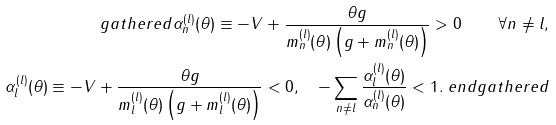<formula> <loc_0><loc_0><loc_500><loc_500>\ g a t h e r e d \alpha _ { n } ^ { ( l ) } ( \theta ) \equiv - V + \frac { \theta g } { m _ { n } ^ { ( l ) } ( \theta ) \left ( g + m _ { n } ^ { ( l ) } ( \theta ) \right ) } > 0 \quad \forall n \ne l , \\ \alpha _ { l } ^ { ( l ) } ( \theta ) \equiv - V + \frac { \theta g } { m _ { l } ^ { ( l ) } ( \theta ) \left ( g + m _ { l } ^ { ( l ) } ( \theta ) \right ) } < 0 , \quad - \sum _ { n \ne l } \frac { \alpha _ { l } ^ { ( l ) } ( \theta ) } { \alpha _ { n } ^ { ( l ) } ( \theta ) } < 1 . \ e n d g a t h e r e d</formula> 
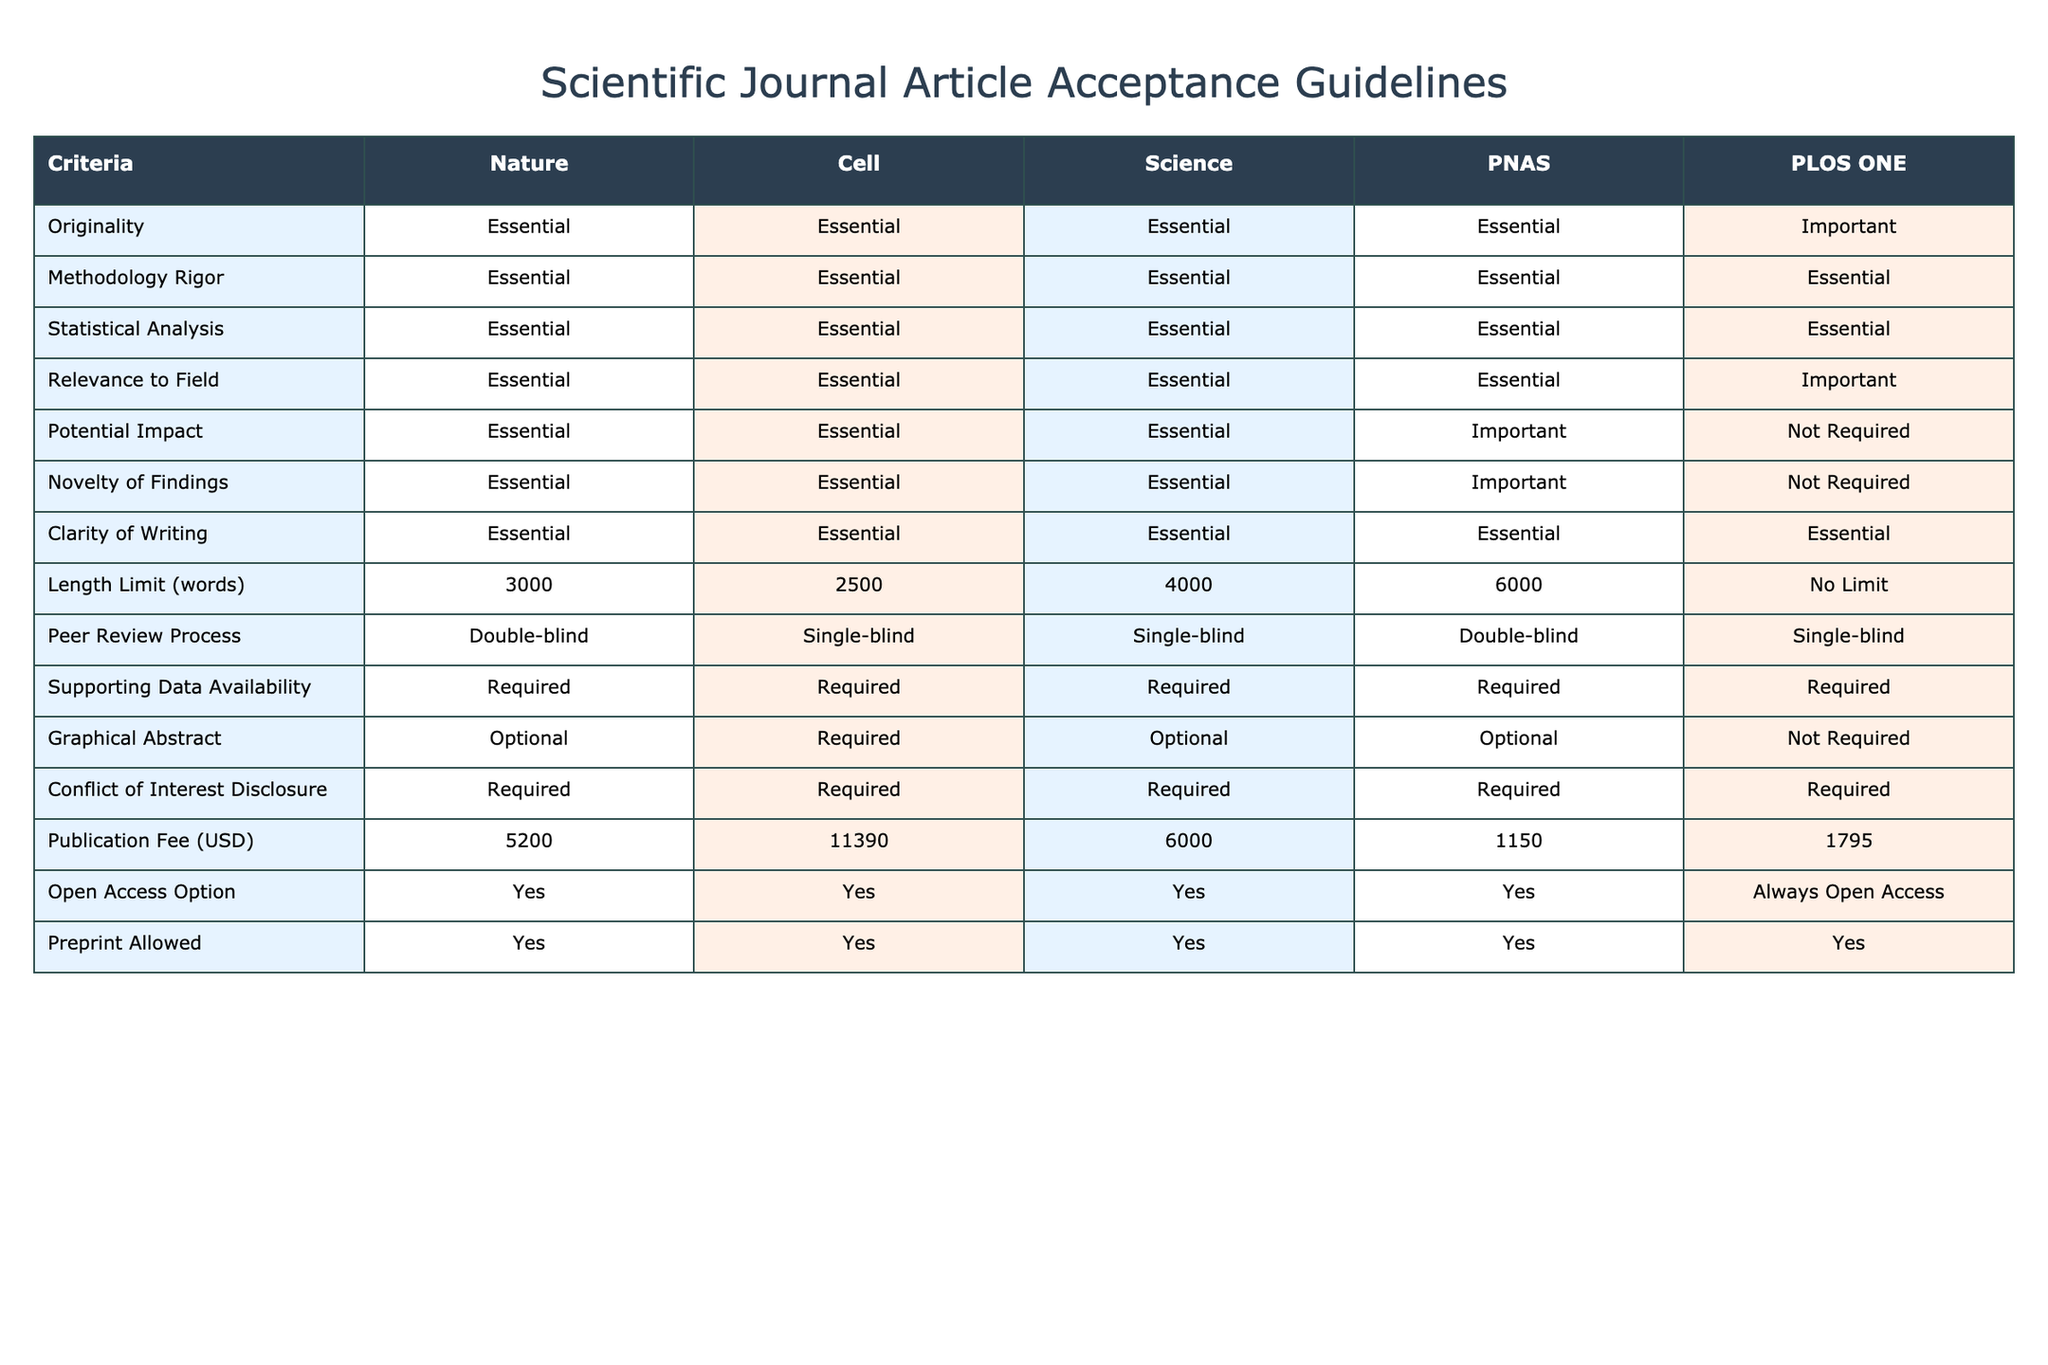What is the publication fee for PNAS? The publication fee for PNAS is listed in the table under the "Publication Fee (USD)" column, which indicates that it is 6000 USD.
Answer: 6000 USD Is the peer review process for Nature double-blind? The table indicates that the peer review process for Nature is double-blind as noted in the "Peer Review Process" row.
Answer: Yes In how many journals is 'Clarity of Writing' deemed essential? The table shows that 'Clarity of Writing' is marked as essential for all journals listed (Nature, Cell, Science, PNAS), which totals four journals.
Answer: 4 What is the total number of journals that require a graphical abstract? From the table, we see that Cell (required), Nature (optional), and Science (optional) show a mix of requirements, but only Cell requires it. Thus, only one journal mandates it directly.
Answer: 1 Which journal has the highest publication fee? By reviewing the "Publication Fee (USD)" column, we find that Cell has the highest fee at 11390 USD.
Answer: Cell How does the average publication fee of high-impact journals (Nature, Cell, Science) compare to that of PLOS ONE? Calculating the average for high-impact journals (Nature 5200 + Cell 11390 + Science 6000 = 22590), we divide it by 3, resulting in 7520. PLOS ONE's fee is 1795, making it significantly lower than the average of the others.
Answer: PLOS ONE is lower For which journal(s) is having supporting data availability required? The table indicates that supporting data availability is a requirement for all journals listed (Nature, Cell, Science, PNAS, PLOS ONE), confirming they all necessitate this aspect.
Answer: All journals If a researcher is considering submitting to a journal without a word limit, which journal should they choose? The table shows "No Limit" under the "Length Limit (words)" column for PLOS ONE, indicating this journal does not impose a limit on word count.
Answer: PLOS ONE What is the difference in publication fees between Nature and PLOS ONE? The publication fee for Nature is 5200 USD, and for PLOS ONE, it is 1795 USD. The difference is 5200 - 1795 = 3405 USD.
Answer: 3405 USD Which journals allow preprints? The table shows that all journals (Nature, Cell, Science, PNAS, PLOS ONE) allow preprints, as each has "Yes" listed under the "Preprint Allowed" column.
Answer: All journals
##############################
# PROBLEM DETAILS
What are the lines from the one containing "Answer: 3405 USD" to the end of the material above? Return them exactly, and only them.

# ANSWER SECTION
Answer: 3405 USD Which journals allow preprints? The table shows that all journals (Nature, Cell, Science, PNAS, PLOS ONE) allow preprints, as each has "Yes" listed under the "Preprint Allowed" column.
Answer: All journals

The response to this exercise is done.